When we moved to Singapore I felt at home really quickly. Was it because it reminds me of Malaysia, one of the countries of my childhood? Maybe, that as well, but I don’t think it is the only reason. I think an important reason is that Singapore is, above all, an immigrant city. Any Singaporean can be asked how long they, or at least their ancestors, have been here. Off course there is a difference between the different groups. There are the ‘Singaporeans’, holders of official citizenship. They are from a predominantly Chinese background, followed by significant groups of Malay and Indian descent. Then there are the expatriates. The richer ‘expats’, from Europe, the US, Australia or Asian countries like Japan, China, Korea, Vietnam. There are the ‘foreign workers’, less affluent, maybe from Indonesia, India, Sri Lanka, the Philippines. Expatriates are either visitors, who stay for a brief posting, or more grounded ‘permanent residents’ that plan to stay. And then there are Eurasians, and many others of mixed descent.

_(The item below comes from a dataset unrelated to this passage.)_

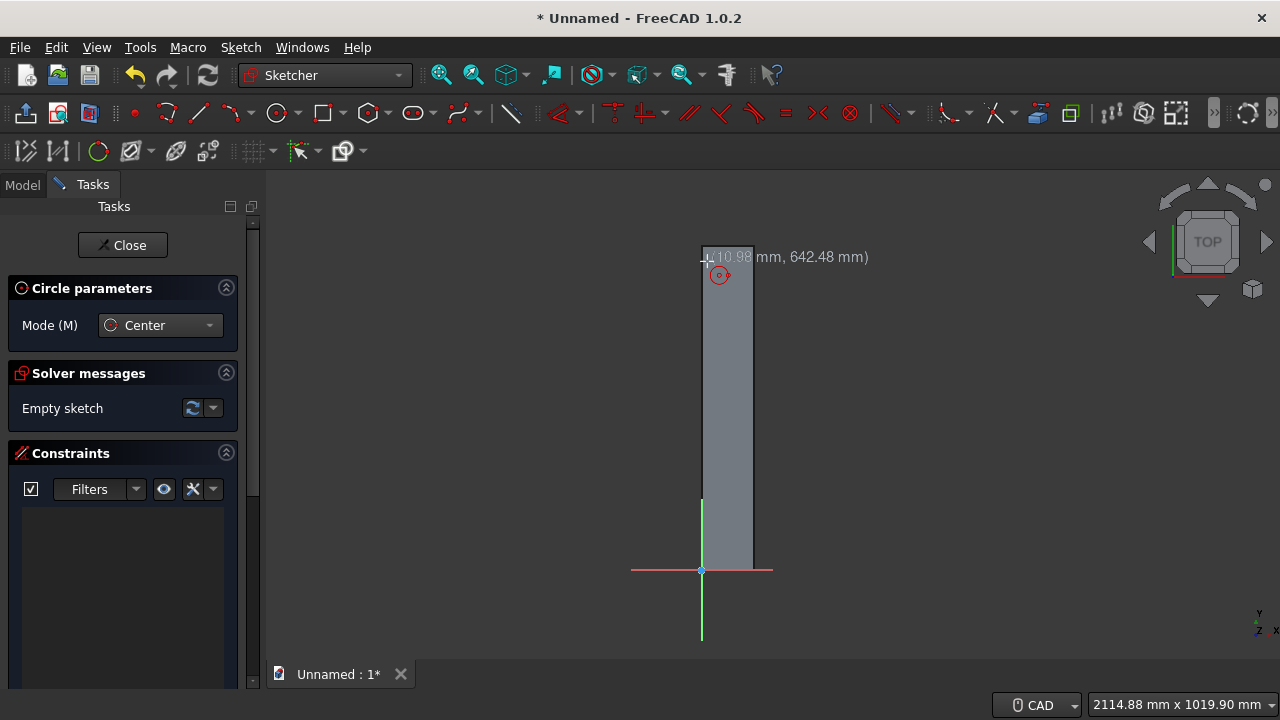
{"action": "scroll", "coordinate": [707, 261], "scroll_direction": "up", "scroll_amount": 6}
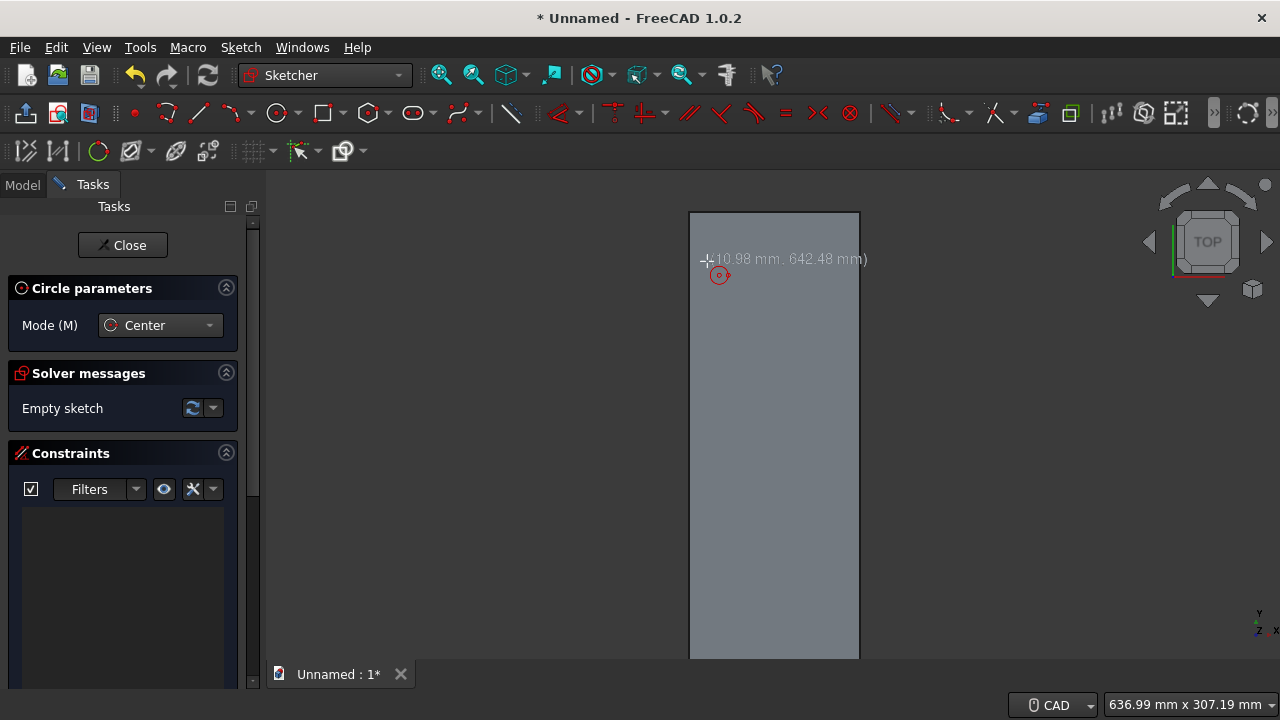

Compared to other countries, I have encountered not too many people in Singapore that feel that they have been here longer than others, and therefore have more rights. More often, Singaporeans will judge you not by how long you have been here, but on how long you plan to stay. Just visiting to have a few comfortable expat years? Just a foreign worker? Then keep your opinions to yourself. But if you are here to stay, and are willing and able to contribute, you will eventually become part of the melting pot that is Singapore.
For me, the wandering nomad, only time can tell how long I can and will stay. No job means no pass, unless we get the coveted permanent residency. Or in a few years I might, again, develop an itch. Singapore has a niche for people like me: a thriving expat scene. Maybe that should be my answer if the dreaded question pops up again. Me? I am an expat. A constant expat. Happy to live in a city where I am not the only one.
It is a stupid question, really. I live here. I am a snail, carrying my home on my back, happy with my nomadic live. Looking at my kids, struggling with the same questions I do, makes me realise something very clearly. It does not matter where I am from. I know exactly where my home is. Home is where my family is.